**DATA**
++++++

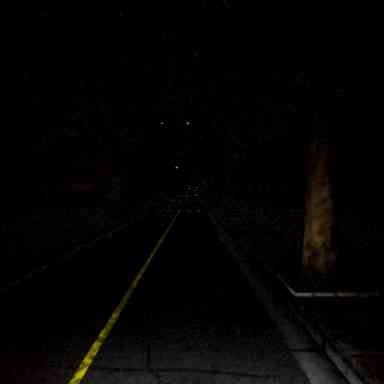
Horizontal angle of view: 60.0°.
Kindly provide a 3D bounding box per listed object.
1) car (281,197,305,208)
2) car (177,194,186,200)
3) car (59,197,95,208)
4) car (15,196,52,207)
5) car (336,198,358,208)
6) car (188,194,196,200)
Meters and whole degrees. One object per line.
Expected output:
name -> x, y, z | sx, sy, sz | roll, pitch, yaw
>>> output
car -> 13.957, 1.401, 43.713 | 4.403, 1.369, 2.008 | 0, 0, 0
car -> -2.749, 1.209, 85.117 | 2.097, 1.767, 4.553 | 0, 0, 0
car -> -15.073, 1.303, 43.541 | 4.507, 1.381, 1.887 | 0, 0, 0
car -> -20.922, 1.271, 43.507 | 4.829, 1.417, 1.752 | 0, 0, 0
car -> 19.632, 1.440, 43.747 | 4.313, 1.339, 1.947 | 0, 0, 0
car -> 0.001, 1.365, 83.415 | 1.812, 1.442, 4.674 | 0, 0, 0
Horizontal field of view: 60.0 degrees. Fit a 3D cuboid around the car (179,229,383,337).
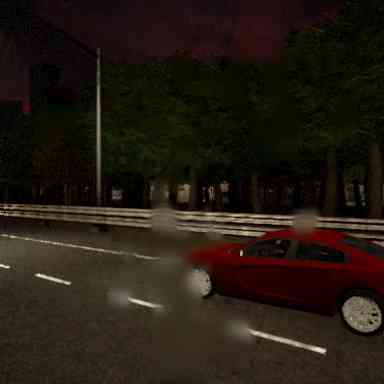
[{"bbox_3d":[2.003,1.495,6.741,5.008,1.535,1.882,0,0,36],"label":"car"}]
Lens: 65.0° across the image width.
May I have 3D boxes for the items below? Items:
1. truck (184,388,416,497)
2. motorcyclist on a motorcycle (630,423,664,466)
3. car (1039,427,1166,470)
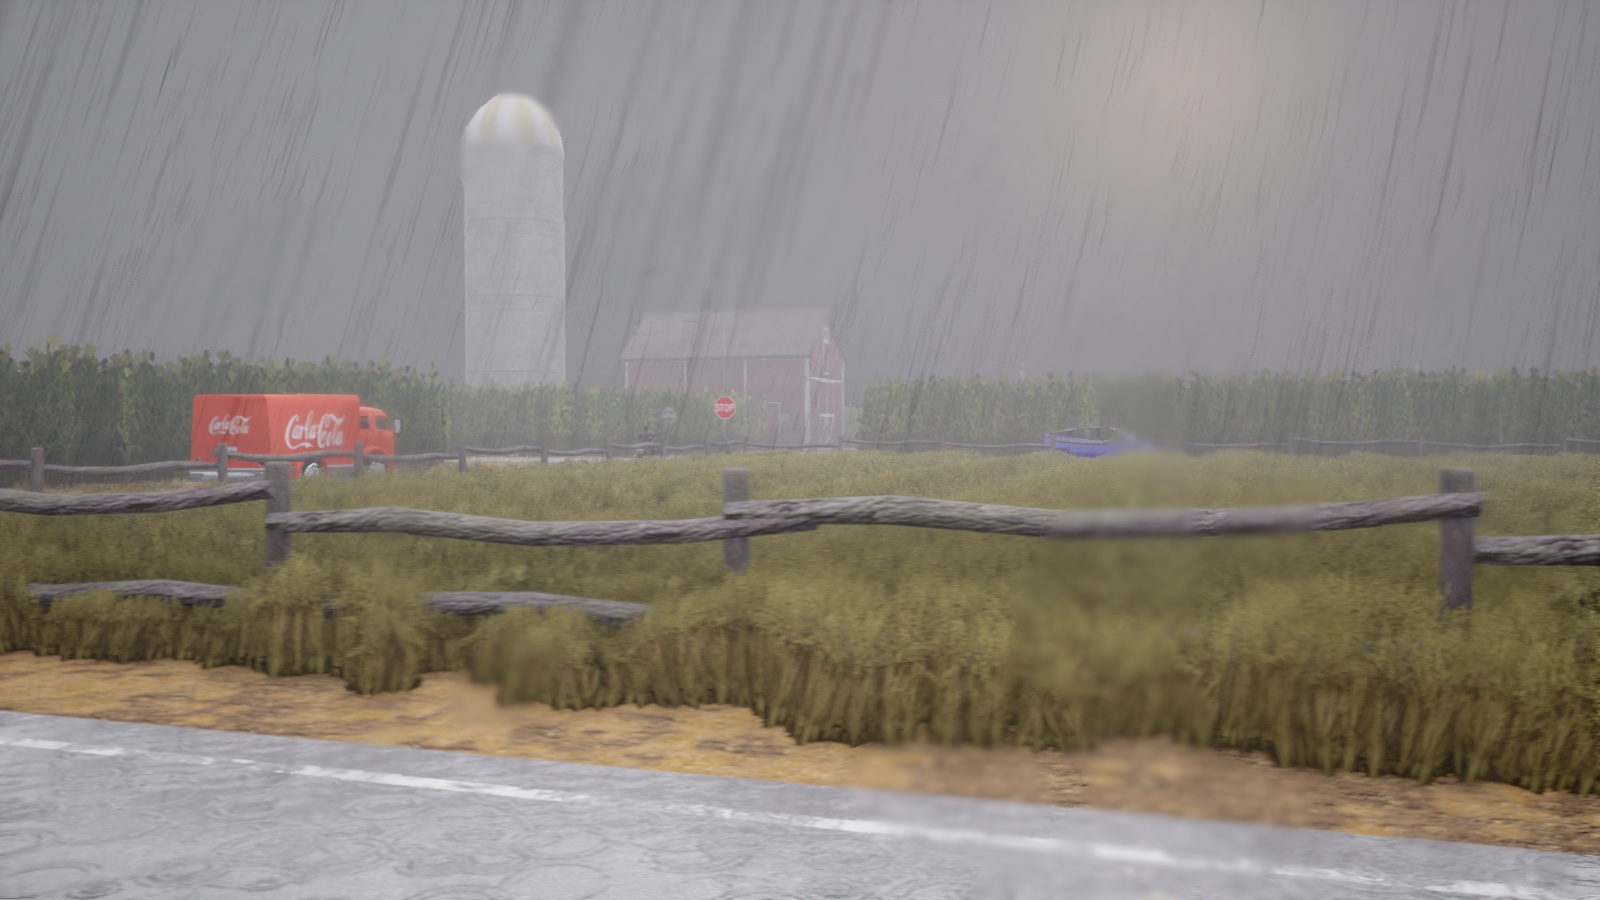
[{"bbox_3d":[-12.275,-0.220,31.304,2.627,2.467,5.204,1,1,19],"label":"truck"},{"bbox_3d":[-6.202,-0.232,51.037,0.766,1.649,2.350,-1,2,7],"label":"motorcyclist on a motorcycle"},{"bbox_3d":[11.556,-0.084,47.878,4.514,1.525,2.007,1,1,19],"label":"car"}]

++++++

**AIM OF THE EXERCISE**
Find each line in the data above with the word "object", then copy it.

**RESULT OF THE EXERCISE**
Kindly provide a 3D bounding box per listed object.
Meters and whole degrees. One object per line.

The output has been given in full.